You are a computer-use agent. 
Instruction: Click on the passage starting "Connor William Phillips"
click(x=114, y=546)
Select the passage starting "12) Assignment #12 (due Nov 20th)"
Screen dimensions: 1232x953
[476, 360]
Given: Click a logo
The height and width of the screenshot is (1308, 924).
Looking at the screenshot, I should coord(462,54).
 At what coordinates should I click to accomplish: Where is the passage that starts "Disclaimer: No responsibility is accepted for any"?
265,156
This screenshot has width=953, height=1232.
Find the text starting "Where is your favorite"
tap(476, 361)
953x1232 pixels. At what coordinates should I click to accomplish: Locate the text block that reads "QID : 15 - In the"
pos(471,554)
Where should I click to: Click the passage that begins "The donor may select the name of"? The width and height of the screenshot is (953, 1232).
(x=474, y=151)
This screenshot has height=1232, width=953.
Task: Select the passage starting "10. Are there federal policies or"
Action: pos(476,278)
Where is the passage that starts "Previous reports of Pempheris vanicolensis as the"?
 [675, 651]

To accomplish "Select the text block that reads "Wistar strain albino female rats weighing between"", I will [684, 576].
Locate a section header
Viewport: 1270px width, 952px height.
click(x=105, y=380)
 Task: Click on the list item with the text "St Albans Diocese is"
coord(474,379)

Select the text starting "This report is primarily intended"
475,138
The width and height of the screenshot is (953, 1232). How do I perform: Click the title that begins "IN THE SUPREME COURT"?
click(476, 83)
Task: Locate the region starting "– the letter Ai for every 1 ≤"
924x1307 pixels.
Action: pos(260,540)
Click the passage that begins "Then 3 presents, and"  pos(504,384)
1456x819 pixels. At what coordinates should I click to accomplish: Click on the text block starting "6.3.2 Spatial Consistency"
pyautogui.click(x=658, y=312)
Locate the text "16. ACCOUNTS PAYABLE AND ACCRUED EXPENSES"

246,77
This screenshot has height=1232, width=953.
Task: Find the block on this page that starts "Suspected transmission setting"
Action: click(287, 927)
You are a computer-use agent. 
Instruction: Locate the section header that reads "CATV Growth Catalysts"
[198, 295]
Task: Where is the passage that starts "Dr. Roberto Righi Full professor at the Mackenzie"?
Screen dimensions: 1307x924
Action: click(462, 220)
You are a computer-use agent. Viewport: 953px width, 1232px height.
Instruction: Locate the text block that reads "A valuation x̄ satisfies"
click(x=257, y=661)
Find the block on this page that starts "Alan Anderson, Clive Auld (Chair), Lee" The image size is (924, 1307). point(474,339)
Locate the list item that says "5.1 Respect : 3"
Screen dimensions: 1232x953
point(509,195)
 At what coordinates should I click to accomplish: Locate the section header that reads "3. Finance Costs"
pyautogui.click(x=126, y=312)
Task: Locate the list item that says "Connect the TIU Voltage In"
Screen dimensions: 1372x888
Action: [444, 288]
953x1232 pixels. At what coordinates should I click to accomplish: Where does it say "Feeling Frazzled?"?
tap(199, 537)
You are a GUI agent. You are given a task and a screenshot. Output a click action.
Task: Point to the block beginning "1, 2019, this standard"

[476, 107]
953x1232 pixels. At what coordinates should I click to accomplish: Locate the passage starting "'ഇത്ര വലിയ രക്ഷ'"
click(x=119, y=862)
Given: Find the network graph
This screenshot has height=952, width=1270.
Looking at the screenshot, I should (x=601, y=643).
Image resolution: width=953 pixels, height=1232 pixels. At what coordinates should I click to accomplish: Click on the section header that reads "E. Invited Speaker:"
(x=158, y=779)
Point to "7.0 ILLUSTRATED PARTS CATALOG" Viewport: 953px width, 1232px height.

[Action item]:
Every line in the listing above should be repeated exactly.

[Answer]:
You are a computer-use agent. 
Instruction: Click on the passage starting "Connor William Phillips"
click(x=114, y=546)
Select the passage starting "12) Assignment #12 (due Nov 20th)"
Screen dimensions: 1232x953
[476, 360]
Given: Click a logo
The height and width of the screenshot is (1308, 924).
Looking at the screenshot, I should coord(462,54).
 At what coordinates should I click to accomplish: Where is the passage that starts "Disclaimer: No responsibility is accepted for any"?
265,156
This screenshot has width=953, height=1232.
Find the text starting "Where is your favorite"
tap(476, 361)
953x1232 pixels. At what coordinates should I click to accomplish: Locate the text block that reads "QID : 15 - In the"
pos(471,554)
Where should I click to: Click the passage that begins "The donor may select the name of"? The width and height of the screenshot is (953, 1232).
(x=474, y=151)
This screenshot has height=1232, width=953.
Task: Select the passage starting "10. Are there federal policies or"
Action: pos(476,278)
Where is the passage that starts "Previous reports of Pempheris vanicolensis as the"?
 [675, 651]

To accomplish "Select the text block that reads "Wistar strain albino female rats weighing between"", I will [684, 576].
Locate a section header
Viewport: 1270px width, 952px height.
click(x=105, y=380)
 Task: Click on the list item with the text "St Albans Diocese is"
coord(474,379)

Select the text starting "This report is primarily intended"
475,138
The width and height of the screenshot is (953, 1232). How do I perform: Click the title that begins "IN THE SUPREME COURT"?
click(476, 83)
Task: Locate the region starting "– the letter Ai for every 1 ≤"
924x1307 pixels.
Action: pos(260,540)
Click the passage that begins "Then 3 presents, and"  pos(504,384)
1456x819 pixels. At what coordinates should I click to accomplish: Click on the text block starting "6.3.2 Spatial Consistency"
pyautogui.click(x=658, y=312)
Locate the text "16. ACCOUNTS PAYABLE AND ACCRUED EXPENSES"

246,77
This screenshot has height=1232, width=953.
Task: Find the block on this page that starts "Suspected transmission setting"
Action: click(287, 927)
You are a computer-use agent. 
Instruction: Locate the section header that reads "CATV Growth Catalysts"
[198, 295]
Task: Where is the passage that starts "Dr. Roberto Righi Full professor at the Mackenzie"?
Screen dimensions: 1307x924
Action: click(462, 220)
You are a computer-use agent. Viewport: 953px width, 1232px height.
Instruction: Locate the text block that reads "A valuation x̄ satisfies"
click(x=257, y=661)
Find the block on this page that starts "Alan Anderson, Clive Auld (Chair), Lee" The image size is (924, 1307). point(474,339)
Locate the list item that says "5.1 Respect : 3"
Screen dimensions: 1232x953
point(509,195)
 At what coordinates should I click to accomplish: Locate the section header that reads "3. Finance Costs"
pyautogui.click(x=126, y=312)
Task: Locate the list item that says "Connect the TIU Voltage In"
Screen dimensions: 1372x888
Action: [444, 288]
953x1232 pixels. At what coordinates should I click to accomplish: Where does it say "Feeling Frazzled?"?
tap(199, 537)
You are a GUI agent. You are given a task and a screenshot. Output a click action.
Task: Point to the block beginning "1, 2019, this standard"

[476, 107]
953x1232 pixels. At what coordinates should I click to accomplish: Locate the passage starting "'ഇത്ര വലിയ രക്ഷ'"
click(x=119, y=862)
Given: Find the network graph
This screenshot has height=952, width=1270.
Looking at the screenshot, I should (x=601, y=643).
Image resolution: width=953 pixels, height=1232 pixels. At what coordinates should I click to accomplish: Click on the section header that reads "E. Invited Speaker:"
(x=158, y=779)
Point to "7.0 ILLUSTRATED PARTS CATALOG" Viewport: 953px width, 1232px height.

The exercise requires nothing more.